DIRECTIONS FOR THIS TASK
Your task is to copy each line of the material that holds the word "circle".

INFORMATION SHOWN
◆ ◆ ◆ ◆ ◆ ◆ ◆
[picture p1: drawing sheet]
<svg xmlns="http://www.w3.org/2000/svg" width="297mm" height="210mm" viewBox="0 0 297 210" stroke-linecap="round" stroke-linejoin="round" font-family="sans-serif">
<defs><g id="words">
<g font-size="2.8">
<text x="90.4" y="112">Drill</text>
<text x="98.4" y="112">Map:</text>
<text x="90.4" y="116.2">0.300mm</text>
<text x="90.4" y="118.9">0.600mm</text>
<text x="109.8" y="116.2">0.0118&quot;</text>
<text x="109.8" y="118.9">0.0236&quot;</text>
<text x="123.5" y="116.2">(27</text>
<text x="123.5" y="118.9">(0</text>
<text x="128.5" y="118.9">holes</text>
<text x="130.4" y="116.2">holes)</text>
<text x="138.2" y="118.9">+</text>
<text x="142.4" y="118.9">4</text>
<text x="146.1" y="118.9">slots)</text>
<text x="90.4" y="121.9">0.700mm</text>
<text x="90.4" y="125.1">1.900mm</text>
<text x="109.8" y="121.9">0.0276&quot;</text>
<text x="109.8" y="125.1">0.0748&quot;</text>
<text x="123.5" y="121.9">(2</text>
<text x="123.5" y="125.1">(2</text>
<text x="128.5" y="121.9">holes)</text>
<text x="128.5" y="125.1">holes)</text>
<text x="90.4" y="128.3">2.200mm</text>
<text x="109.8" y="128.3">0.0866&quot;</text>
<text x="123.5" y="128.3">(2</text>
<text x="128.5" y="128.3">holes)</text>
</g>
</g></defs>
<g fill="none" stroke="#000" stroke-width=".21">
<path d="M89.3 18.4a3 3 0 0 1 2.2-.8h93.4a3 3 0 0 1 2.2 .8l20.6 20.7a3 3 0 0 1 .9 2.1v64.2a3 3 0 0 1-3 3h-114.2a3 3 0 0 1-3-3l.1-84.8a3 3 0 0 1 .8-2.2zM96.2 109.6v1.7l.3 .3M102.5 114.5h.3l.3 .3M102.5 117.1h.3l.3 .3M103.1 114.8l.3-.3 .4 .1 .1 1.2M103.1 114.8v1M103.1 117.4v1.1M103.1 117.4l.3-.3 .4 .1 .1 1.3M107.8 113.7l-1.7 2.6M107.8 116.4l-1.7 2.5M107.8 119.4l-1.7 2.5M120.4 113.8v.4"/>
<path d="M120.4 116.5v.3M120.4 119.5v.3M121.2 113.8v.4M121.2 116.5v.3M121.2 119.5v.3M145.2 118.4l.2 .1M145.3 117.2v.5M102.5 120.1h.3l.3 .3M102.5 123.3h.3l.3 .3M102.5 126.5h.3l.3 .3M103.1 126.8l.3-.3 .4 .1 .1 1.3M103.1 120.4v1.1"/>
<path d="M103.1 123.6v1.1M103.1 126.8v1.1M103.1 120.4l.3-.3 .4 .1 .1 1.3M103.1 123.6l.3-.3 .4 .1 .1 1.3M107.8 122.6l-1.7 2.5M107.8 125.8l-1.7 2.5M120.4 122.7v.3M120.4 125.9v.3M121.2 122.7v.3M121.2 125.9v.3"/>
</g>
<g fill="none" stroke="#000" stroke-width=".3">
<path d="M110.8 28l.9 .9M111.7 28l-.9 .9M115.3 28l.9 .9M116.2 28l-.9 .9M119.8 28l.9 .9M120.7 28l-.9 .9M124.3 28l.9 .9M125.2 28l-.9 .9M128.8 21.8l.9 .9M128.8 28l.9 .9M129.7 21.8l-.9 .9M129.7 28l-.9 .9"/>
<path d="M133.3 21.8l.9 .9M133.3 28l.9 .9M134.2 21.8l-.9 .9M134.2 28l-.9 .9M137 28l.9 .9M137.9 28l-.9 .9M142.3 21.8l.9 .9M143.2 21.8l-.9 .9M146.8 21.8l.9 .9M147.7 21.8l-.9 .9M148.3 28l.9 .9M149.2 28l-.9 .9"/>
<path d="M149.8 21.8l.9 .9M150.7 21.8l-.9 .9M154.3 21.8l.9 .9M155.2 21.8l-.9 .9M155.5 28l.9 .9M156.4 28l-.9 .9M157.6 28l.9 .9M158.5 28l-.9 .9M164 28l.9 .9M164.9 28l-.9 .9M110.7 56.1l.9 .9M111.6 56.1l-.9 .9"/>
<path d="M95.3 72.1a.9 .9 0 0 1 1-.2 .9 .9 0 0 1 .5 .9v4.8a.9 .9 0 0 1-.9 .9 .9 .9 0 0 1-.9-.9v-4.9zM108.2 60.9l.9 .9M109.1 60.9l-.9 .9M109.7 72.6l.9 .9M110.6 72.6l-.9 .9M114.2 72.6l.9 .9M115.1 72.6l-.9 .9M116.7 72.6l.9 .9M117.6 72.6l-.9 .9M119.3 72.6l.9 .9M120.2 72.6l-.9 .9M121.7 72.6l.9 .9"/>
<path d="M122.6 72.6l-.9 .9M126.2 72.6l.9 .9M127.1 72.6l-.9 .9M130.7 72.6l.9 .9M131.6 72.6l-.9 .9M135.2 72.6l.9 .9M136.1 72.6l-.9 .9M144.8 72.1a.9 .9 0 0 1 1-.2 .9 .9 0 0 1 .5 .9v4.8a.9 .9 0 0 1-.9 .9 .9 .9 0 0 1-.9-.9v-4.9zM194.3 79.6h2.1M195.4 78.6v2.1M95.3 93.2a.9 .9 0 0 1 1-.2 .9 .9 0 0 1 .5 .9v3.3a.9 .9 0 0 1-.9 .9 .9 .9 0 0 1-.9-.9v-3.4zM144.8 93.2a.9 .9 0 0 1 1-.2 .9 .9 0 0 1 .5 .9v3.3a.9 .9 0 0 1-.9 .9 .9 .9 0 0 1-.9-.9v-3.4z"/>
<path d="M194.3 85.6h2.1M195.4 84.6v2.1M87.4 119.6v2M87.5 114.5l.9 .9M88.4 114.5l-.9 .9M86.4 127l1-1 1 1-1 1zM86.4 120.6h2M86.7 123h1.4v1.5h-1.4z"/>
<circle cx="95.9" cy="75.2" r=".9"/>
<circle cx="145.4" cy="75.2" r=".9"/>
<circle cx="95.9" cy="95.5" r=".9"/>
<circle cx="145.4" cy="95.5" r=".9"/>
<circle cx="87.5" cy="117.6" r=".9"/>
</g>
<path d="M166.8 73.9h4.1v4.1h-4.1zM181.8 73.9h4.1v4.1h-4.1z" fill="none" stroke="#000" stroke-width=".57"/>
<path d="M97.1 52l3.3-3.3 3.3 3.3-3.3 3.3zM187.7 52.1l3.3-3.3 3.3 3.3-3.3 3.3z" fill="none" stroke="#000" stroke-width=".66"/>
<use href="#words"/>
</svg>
◆ ◆ ◆ ◆ ◆ ◆ ◆
THE ANSWER
<circle cx="95.9" cy="75.2" r=".9"/>
<circle cx="145.4" cy="75.2" r=".9"/>
<circle cx="95.9" cy="95.5" r=".9"/>
<circle cx="145.4" cy="95.5" r=".9"/>
<circle cx="87.5" cy="117.6" r=".9"/>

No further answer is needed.